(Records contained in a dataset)
____________

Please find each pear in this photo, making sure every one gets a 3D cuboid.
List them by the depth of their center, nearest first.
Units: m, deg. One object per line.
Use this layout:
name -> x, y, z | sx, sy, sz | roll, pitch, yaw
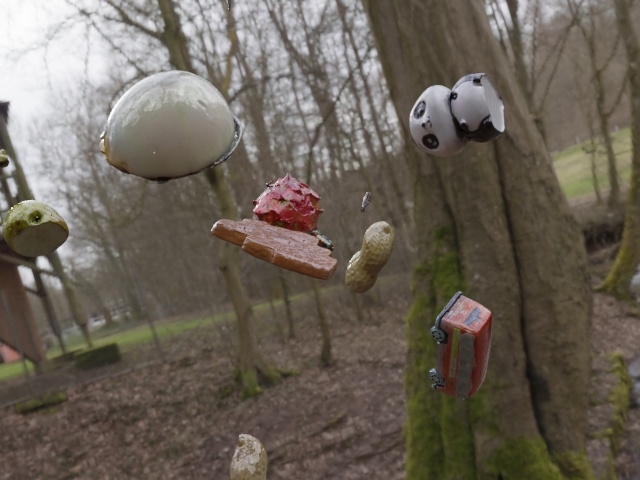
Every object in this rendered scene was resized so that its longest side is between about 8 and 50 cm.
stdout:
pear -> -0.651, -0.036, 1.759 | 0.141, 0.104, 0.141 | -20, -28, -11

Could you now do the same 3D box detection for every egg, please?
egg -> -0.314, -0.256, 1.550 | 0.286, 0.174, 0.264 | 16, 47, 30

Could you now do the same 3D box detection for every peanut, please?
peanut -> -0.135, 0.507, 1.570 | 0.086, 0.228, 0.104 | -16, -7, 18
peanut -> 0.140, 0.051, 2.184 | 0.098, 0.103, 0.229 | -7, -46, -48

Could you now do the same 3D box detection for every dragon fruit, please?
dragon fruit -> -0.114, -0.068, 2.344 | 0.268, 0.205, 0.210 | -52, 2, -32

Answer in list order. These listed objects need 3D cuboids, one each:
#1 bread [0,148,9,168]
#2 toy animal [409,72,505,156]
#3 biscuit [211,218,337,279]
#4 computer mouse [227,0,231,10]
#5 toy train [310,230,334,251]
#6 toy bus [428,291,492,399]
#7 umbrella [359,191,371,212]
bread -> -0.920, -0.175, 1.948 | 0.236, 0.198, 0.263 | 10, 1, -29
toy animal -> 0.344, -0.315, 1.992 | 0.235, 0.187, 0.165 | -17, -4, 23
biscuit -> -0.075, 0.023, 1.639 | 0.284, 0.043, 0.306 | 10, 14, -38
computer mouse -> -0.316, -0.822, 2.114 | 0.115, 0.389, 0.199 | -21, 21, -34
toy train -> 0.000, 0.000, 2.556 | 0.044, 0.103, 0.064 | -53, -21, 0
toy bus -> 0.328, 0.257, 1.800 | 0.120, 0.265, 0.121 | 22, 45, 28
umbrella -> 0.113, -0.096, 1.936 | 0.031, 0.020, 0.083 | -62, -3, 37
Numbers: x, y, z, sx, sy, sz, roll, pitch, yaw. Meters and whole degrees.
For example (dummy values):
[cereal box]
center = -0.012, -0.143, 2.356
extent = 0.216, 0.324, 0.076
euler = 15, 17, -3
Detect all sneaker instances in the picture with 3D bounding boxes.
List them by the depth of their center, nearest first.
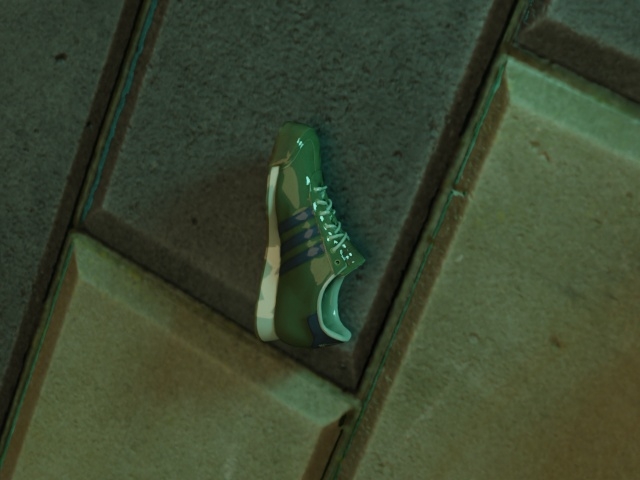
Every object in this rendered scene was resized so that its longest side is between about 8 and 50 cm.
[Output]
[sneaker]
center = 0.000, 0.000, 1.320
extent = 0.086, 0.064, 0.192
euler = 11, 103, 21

____________

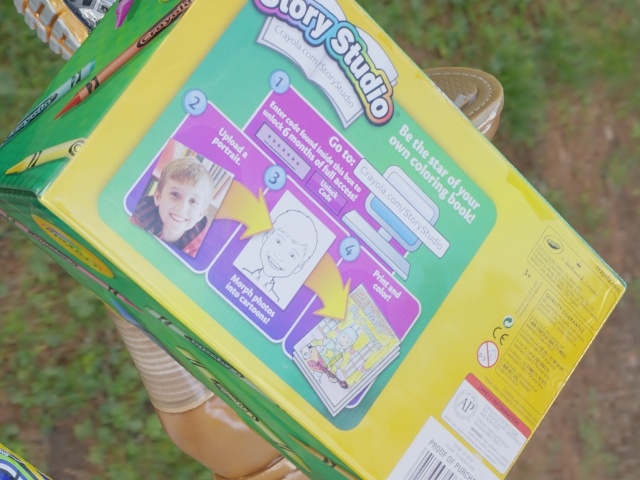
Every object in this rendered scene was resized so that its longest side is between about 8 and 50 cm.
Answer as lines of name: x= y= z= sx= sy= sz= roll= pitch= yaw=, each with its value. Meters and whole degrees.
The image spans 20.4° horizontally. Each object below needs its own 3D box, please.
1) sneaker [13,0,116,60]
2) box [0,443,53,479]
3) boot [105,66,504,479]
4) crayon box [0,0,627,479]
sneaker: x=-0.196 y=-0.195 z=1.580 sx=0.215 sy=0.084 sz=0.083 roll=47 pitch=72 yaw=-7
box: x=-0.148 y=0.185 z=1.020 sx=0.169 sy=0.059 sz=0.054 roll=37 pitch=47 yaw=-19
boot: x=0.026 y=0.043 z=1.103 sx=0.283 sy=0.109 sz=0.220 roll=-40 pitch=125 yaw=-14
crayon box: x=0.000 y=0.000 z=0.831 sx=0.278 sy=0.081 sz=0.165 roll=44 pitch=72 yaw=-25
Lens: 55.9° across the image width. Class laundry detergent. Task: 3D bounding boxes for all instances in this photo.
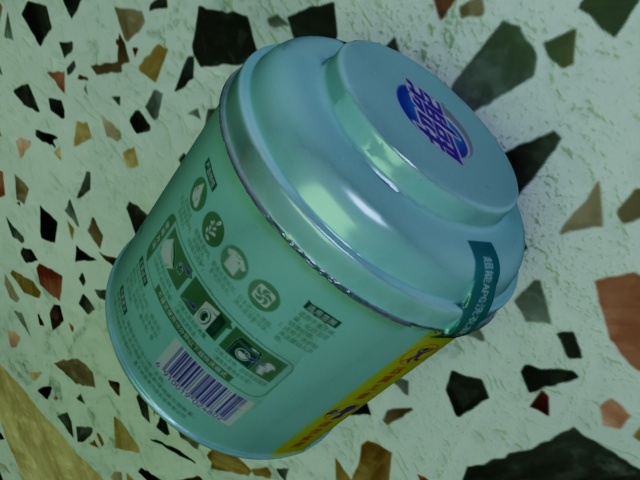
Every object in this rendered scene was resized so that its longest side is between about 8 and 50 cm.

____________

*EXERCISE DIRECTIONS*. What are the lines in the records above, word for word, from the one containing "Please find each" through the one containing "#6 toy bus [428,291,492,399]", both ends included and pictures left out?

*ANSWER FOR THE TASK*.
Please find each pear in this photo, making sure every one gets a 3D cuboid.
List them by the depth of their center, nearest first.
Units: m, deg. One object per line.
Use this layout:
name -> x, y, z | sx, sy, sz | roll, pitch, yaw
Every object in this rendered scene was resized so that its longest side is between about 8 and 50 cm.
stdout:
pear -> -0.651, -0.036, 1.759 | 0.141, 0.104, 0.141 | -20, -28, -11

Could you now do the same 3D box detection for every egg, please?
egg -> -0.314, -0.256, 1.550 | 0.286, 0.174, 0.264 | 16, 47, 30

Could you now do the same 3D box detection for every peanut, please?
peanut -> -0.135, 0.507, 1.570 | 0.086, 0.228, 0.104 | -16, -7, 18
peanut -> 0.140, 0.051, 2.184 | 0.098, 0.103, 0.229 | -7, -46, -48

Could you now do the same 3D box detection for every dragon fruit, please?
dragon fruit -> -0.114, -0.068, 2.344 | 0.268, 0.205, 0.210 | -52, 2, -32

Answer in list order. These listed objects need 3D cuboids, one each:
#1 bread [0,148,9,168]
#2 toy animal [409,72,505,156]
#3 biscuit [211,218,337,279]
#4 computer mouse [227,0,231,10]
#5 toy train [310,230,334,251]
#6 toy bus [428,291,492,399]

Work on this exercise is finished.